* _SOURCE RECORDS_
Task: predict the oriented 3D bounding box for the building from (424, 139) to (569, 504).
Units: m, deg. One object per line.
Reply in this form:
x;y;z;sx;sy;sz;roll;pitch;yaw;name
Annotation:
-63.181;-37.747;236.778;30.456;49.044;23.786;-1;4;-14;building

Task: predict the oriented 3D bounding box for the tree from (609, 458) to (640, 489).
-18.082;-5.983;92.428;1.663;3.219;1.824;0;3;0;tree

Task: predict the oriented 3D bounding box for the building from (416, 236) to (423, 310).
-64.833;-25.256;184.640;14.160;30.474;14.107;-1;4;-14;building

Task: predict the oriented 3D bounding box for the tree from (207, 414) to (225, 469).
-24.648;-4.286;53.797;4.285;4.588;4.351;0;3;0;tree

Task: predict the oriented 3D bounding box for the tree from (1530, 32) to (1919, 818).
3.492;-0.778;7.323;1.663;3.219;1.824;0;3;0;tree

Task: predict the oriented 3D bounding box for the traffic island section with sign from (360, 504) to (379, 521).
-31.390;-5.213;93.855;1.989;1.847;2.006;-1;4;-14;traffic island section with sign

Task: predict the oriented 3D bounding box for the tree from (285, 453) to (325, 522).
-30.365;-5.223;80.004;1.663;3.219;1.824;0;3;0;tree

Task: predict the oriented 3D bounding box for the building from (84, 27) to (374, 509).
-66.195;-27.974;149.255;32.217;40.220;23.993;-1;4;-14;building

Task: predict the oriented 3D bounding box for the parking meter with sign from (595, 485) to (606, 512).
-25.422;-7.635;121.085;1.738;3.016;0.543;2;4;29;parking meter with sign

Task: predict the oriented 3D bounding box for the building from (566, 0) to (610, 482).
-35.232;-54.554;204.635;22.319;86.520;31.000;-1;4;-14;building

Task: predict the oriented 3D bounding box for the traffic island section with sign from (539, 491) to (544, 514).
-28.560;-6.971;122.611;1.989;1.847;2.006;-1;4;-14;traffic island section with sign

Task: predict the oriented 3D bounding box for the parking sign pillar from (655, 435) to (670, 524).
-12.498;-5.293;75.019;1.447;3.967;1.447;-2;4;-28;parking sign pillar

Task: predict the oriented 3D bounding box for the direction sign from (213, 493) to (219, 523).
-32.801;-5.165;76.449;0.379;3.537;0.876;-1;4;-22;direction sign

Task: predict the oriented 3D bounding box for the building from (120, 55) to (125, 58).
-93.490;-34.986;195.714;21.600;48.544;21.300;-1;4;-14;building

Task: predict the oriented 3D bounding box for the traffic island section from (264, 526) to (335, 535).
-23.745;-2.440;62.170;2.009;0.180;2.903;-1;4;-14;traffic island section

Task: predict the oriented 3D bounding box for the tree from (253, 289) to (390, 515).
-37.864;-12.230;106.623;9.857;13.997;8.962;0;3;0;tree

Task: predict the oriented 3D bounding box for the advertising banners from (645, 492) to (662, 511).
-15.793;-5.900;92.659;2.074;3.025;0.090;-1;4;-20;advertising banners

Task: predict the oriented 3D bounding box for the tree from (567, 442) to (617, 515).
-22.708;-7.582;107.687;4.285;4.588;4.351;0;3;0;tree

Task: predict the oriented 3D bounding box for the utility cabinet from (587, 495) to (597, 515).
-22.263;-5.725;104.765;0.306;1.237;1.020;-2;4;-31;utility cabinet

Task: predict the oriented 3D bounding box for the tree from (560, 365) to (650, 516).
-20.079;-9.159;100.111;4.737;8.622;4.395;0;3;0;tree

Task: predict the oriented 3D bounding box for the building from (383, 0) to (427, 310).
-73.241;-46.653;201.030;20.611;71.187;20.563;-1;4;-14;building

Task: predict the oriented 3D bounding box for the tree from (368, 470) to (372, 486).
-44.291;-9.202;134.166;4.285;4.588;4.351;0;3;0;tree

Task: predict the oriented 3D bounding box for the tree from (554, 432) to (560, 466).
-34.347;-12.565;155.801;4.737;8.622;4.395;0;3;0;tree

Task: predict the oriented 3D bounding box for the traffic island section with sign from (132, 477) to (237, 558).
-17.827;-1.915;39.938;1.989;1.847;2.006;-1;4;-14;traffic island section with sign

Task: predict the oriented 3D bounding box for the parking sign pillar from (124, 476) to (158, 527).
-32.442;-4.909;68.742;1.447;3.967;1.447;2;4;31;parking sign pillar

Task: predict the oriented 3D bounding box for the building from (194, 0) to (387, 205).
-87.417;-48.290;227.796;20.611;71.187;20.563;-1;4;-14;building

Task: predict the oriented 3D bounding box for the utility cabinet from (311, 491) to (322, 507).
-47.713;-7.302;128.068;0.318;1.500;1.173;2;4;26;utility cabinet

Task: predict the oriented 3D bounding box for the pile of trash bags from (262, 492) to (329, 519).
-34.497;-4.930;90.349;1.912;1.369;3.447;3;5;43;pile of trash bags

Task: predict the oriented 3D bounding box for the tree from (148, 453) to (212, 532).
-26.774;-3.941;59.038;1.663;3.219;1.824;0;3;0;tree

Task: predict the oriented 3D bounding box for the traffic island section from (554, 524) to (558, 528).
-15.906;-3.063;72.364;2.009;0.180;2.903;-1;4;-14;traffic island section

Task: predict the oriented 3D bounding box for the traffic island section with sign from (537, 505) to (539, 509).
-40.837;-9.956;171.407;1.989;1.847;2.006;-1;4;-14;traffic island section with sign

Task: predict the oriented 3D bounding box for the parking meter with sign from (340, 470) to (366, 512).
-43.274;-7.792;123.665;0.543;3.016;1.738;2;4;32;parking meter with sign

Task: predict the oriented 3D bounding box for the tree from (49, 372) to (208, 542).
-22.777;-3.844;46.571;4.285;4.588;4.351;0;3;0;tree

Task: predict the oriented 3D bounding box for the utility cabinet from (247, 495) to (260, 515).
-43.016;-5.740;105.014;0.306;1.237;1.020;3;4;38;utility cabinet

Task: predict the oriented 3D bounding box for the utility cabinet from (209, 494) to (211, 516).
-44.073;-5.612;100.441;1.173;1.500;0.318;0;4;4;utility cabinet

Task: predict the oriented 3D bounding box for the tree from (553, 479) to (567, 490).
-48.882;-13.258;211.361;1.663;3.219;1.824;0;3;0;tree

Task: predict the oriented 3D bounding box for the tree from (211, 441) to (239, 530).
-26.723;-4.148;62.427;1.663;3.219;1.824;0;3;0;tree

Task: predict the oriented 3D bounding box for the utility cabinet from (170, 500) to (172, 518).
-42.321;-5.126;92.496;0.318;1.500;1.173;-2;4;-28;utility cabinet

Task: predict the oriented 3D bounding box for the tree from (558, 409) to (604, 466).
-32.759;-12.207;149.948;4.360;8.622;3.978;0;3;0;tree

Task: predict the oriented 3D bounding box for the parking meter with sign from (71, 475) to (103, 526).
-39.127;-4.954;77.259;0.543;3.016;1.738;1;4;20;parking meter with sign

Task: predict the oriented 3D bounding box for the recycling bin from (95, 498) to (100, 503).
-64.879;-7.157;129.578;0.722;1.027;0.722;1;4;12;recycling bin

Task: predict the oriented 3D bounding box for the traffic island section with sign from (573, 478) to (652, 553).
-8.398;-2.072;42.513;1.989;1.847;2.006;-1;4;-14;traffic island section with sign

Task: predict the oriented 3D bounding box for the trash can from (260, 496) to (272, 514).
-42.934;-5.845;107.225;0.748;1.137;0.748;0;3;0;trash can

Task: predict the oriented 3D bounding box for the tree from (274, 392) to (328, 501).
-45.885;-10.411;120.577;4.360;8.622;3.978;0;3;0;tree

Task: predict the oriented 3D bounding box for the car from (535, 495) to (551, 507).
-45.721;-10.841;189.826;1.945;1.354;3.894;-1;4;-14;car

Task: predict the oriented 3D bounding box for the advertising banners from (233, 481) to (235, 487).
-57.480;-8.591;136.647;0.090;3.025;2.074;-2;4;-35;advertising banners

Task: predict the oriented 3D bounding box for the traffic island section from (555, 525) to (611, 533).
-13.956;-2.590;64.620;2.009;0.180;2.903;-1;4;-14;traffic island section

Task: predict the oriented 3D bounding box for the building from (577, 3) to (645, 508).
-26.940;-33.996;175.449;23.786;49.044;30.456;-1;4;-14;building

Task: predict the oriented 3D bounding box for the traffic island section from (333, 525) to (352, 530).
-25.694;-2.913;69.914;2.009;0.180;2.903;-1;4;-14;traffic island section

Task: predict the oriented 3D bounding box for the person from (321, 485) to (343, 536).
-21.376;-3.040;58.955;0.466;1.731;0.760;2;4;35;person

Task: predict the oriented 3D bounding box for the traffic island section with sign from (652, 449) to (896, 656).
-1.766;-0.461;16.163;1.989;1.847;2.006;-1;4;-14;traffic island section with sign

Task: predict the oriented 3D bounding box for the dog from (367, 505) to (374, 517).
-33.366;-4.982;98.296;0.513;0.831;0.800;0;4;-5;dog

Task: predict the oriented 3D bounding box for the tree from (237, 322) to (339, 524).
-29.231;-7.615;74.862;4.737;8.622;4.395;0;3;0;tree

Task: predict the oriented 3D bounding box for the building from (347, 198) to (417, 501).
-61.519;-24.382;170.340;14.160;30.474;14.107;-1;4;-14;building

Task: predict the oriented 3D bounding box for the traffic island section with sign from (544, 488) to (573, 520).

* _INSTRUCTIONS FOR THE TASK_
The answer should be an exact copy of the lines from the one containing "Task: predict the oriented 3D bounding box for the person" through the last line of the entries, both included.

* _WRITTEN ANSWER_
Task: predict the oriented 3D bounding box for the person from (321, 485) to (343, 536).
-21.376;-3.040;58.955;0.466;1.731;0.760;2;4;35;person

Task: predict the oriented 3D bounding box for the traffic island section with sign from (652, 449) to (896, 656).
-1.766;-0.461;16.163;1.989;1.847;2.006;-1;4;-14;traffic island section with sign

Task: predict the oriented 3D bounding box for the dog from (367, 505) to (374, 517).
-33.366;-4.982;98.296;0.513;0.831;0.800;0;4;-5;dog

Task: predict the oriented 3D bounding box for the tree from (237, 322) to (339, 524).
-29.231;-7.615;74.862;4.737;8.622;4.395;0;3;0;tree

Task: predict the oriented 3D bounding box for the building from (347, 198) to (417, 501).
-61.519;-24.382;170.340;14.160;30.474;14.107;-1;4;-14;building

Task: predict the oriented 3D bounding box for the traffic island section with sign from (544, 488) to (573, 520).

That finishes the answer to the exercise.